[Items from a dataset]

==========

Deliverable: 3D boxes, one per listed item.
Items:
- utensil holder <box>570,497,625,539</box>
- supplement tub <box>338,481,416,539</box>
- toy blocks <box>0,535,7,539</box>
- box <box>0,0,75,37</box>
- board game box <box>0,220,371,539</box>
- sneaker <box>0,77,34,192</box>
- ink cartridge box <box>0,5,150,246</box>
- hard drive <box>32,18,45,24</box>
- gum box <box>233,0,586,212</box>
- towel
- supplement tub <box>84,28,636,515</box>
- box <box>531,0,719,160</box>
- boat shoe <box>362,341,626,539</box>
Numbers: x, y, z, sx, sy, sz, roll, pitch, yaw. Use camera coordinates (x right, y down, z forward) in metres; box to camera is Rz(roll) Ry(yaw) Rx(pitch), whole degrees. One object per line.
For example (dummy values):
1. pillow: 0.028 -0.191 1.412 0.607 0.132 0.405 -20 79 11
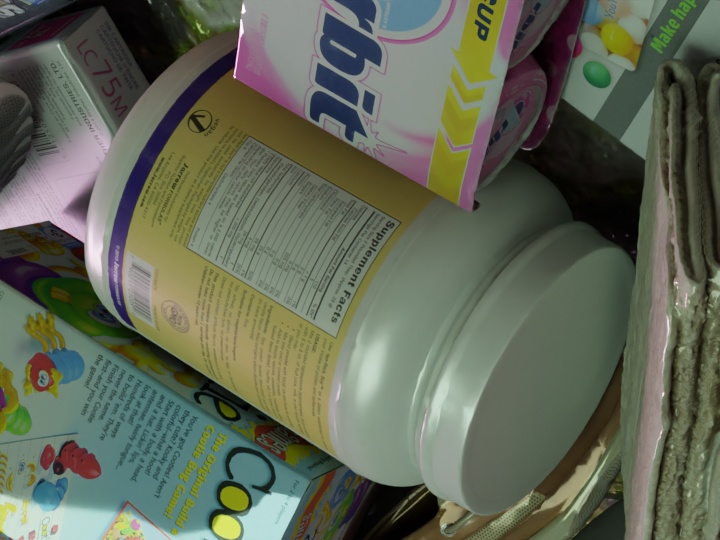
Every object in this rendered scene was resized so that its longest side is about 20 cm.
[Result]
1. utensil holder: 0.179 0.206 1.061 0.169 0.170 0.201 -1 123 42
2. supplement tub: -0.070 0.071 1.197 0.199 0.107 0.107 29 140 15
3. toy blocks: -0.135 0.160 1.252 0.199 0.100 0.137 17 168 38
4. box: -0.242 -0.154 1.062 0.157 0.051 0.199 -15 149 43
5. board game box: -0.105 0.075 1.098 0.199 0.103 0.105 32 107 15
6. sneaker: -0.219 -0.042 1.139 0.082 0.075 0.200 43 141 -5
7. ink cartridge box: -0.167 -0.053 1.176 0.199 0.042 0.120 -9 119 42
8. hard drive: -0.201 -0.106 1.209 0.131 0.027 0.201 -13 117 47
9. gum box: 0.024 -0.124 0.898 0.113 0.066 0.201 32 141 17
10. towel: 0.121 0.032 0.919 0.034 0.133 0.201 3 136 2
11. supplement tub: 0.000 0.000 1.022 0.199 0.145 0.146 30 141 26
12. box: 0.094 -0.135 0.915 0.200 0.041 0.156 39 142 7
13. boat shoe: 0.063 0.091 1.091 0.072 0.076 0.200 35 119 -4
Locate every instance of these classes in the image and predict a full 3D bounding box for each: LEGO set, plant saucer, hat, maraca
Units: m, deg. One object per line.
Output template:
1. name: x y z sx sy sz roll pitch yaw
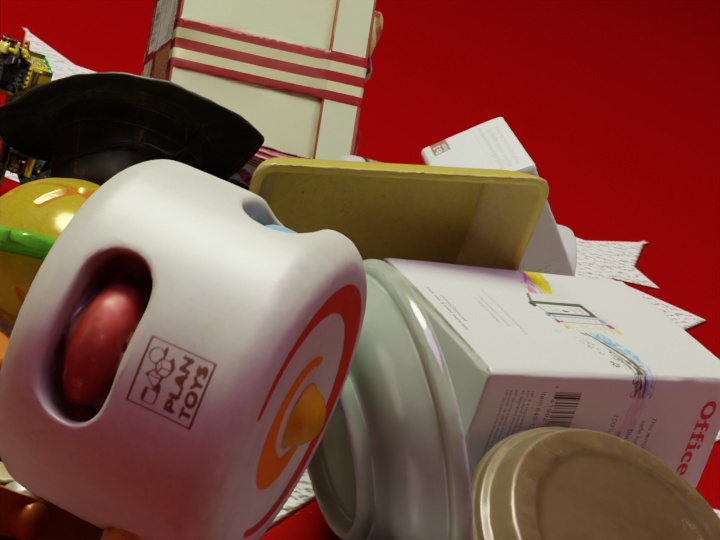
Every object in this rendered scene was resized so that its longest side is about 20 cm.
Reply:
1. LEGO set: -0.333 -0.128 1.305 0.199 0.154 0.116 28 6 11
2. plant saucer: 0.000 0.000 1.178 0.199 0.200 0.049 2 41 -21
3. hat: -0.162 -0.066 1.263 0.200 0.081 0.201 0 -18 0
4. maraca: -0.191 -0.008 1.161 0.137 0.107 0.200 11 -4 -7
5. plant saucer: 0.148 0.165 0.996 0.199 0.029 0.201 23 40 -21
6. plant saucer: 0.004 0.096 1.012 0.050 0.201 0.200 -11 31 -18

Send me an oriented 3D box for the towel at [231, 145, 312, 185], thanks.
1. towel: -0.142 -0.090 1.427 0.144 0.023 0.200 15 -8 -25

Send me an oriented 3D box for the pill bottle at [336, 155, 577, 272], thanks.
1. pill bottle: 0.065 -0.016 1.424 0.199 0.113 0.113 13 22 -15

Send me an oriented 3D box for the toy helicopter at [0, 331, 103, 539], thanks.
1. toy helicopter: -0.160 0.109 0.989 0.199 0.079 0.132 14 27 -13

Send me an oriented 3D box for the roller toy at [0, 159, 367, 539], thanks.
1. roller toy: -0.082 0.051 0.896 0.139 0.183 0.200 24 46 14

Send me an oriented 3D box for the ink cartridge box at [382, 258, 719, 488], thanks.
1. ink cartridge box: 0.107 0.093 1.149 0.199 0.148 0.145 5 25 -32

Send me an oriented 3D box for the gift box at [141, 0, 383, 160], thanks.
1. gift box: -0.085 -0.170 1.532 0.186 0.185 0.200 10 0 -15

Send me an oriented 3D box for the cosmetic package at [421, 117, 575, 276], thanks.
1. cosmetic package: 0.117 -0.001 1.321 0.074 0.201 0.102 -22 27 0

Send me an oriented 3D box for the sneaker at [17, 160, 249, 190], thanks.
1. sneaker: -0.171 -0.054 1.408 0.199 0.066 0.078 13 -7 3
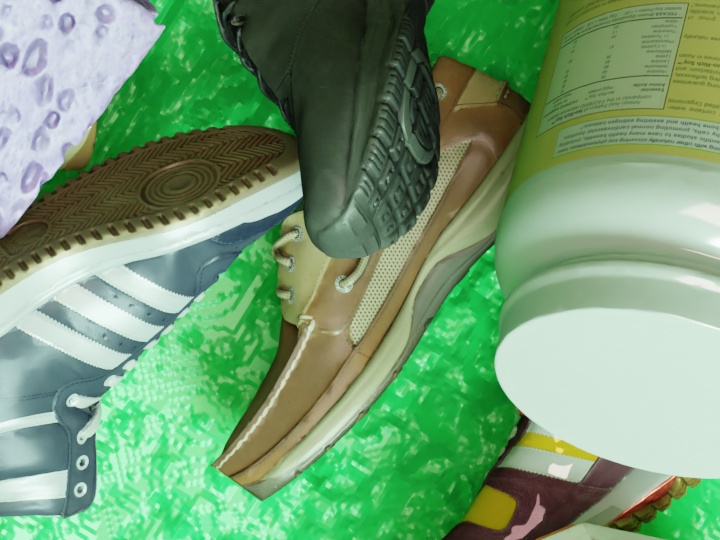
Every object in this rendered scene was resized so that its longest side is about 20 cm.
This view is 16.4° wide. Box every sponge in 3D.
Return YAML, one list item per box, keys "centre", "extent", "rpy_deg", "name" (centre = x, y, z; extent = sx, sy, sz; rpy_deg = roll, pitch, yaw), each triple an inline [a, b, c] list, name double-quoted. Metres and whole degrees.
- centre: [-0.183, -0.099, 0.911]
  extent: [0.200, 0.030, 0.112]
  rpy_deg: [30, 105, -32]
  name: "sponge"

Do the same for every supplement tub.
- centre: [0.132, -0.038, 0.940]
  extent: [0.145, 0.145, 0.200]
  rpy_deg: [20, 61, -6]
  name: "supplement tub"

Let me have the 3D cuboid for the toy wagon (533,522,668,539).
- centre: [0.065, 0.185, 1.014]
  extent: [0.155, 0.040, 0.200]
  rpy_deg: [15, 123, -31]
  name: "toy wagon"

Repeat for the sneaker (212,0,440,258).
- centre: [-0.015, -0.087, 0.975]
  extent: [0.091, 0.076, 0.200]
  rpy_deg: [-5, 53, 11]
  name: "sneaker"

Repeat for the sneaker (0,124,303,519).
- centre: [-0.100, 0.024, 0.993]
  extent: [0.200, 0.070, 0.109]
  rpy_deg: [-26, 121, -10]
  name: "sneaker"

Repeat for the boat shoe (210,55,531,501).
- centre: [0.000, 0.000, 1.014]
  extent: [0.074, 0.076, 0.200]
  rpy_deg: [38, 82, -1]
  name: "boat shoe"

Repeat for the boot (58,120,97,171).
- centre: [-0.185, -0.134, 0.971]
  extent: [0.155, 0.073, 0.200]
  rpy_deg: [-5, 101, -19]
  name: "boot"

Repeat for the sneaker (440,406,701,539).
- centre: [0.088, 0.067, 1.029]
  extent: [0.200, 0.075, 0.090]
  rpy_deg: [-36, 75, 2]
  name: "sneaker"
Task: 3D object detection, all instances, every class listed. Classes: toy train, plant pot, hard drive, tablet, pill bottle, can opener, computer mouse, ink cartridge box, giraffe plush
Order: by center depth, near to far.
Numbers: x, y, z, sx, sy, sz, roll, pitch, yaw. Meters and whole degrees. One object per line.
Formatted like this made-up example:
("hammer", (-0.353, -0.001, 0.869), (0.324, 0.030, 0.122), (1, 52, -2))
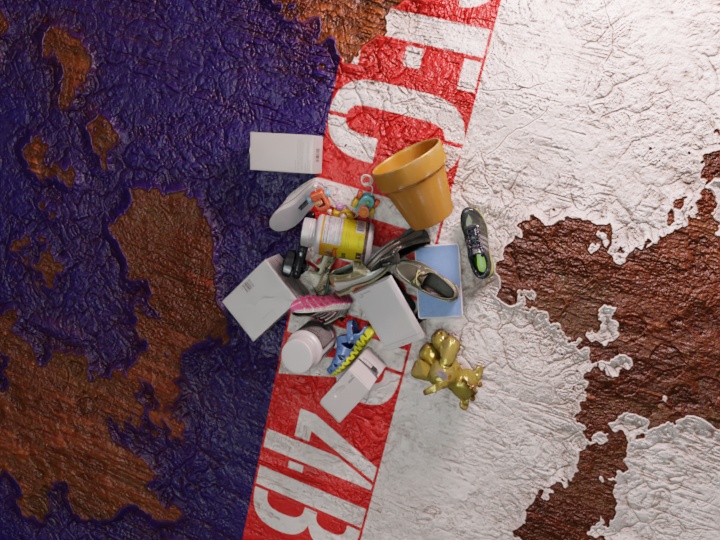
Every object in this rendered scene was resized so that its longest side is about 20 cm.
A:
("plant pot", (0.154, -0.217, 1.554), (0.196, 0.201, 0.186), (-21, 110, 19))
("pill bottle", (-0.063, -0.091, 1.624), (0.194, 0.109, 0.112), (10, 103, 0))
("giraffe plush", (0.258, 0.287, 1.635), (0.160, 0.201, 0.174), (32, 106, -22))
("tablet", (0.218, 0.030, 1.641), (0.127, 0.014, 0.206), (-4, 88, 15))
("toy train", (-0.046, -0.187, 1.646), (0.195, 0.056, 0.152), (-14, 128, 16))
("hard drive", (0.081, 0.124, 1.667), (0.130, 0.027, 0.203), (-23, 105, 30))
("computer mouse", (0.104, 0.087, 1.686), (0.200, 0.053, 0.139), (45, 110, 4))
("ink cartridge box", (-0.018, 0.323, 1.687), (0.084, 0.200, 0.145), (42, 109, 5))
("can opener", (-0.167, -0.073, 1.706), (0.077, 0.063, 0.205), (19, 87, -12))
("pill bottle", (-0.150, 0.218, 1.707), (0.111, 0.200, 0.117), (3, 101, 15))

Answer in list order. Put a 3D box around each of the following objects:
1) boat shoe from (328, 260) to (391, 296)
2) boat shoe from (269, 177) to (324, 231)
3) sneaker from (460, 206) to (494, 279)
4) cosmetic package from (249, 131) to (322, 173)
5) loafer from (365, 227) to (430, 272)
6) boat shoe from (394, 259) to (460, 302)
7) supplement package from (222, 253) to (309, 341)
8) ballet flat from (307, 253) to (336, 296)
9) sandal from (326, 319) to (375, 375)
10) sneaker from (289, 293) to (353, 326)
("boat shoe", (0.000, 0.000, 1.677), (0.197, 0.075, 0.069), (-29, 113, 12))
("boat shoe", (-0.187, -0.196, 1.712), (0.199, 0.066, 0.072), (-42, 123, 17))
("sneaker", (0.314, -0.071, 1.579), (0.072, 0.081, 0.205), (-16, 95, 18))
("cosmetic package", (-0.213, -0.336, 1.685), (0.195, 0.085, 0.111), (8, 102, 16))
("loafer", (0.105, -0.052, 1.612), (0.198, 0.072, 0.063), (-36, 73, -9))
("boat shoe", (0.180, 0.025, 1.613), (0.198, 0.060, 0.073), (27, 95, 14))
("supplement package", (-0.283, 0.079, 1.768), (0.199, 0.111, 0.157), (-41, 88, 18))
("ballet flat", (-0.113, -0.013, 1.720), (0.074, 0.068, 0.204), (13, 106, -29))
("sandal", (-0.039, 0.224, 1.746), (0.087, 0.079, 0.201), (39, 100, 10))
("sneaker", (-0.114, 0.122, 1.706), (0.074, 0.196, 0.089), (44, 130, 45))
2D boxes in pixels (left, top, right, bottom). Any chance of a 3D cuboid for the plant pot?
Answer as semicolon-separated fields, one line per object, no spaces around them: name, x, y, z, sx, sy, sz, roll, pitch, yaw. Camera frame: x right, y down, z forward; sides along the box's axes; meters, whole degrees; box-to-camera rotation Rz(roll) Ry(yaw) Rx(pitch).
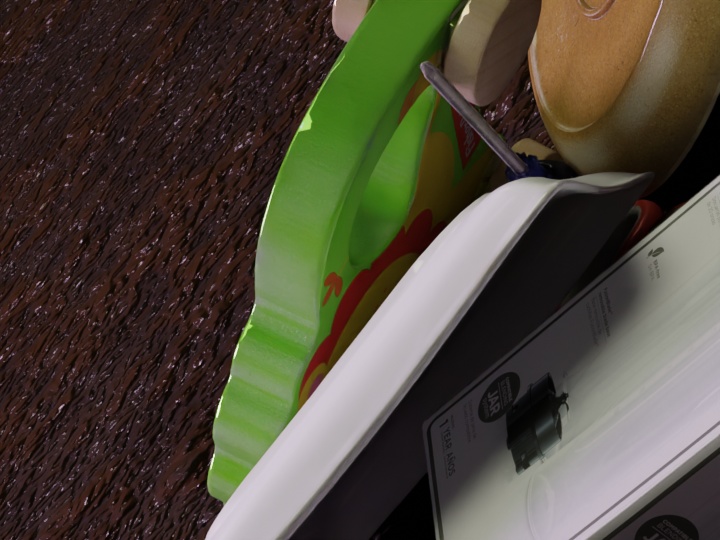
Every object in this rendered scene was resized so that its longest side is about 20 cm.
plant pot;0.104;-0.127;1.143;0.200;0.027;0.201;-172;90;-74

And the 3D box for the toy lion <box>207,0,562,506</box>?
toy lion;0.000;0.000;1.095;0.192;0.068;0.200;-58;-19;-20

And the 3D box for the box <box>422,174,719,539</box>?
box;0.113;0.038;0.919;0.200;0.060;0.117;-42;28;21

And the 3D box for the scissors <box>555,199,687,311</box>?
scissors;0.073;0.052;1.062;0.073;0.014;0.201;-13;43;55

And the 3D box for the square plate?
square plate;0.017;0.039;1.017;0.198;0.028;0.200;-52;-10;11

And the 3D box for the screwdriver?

==========

--- WORK REQUEST ---
Look for the string "listed" in the entries above. Copy every line that has it.

--- FINAL ANSWER ---
Deliverable: 3D boxes, one per listed item.
Task: 3D object detection, all instances, every class listed. Classes: toy train, plant pot, hard drive, tablet, pill bottle, can opener, computer mouse, ink cartridge box, giraffe plush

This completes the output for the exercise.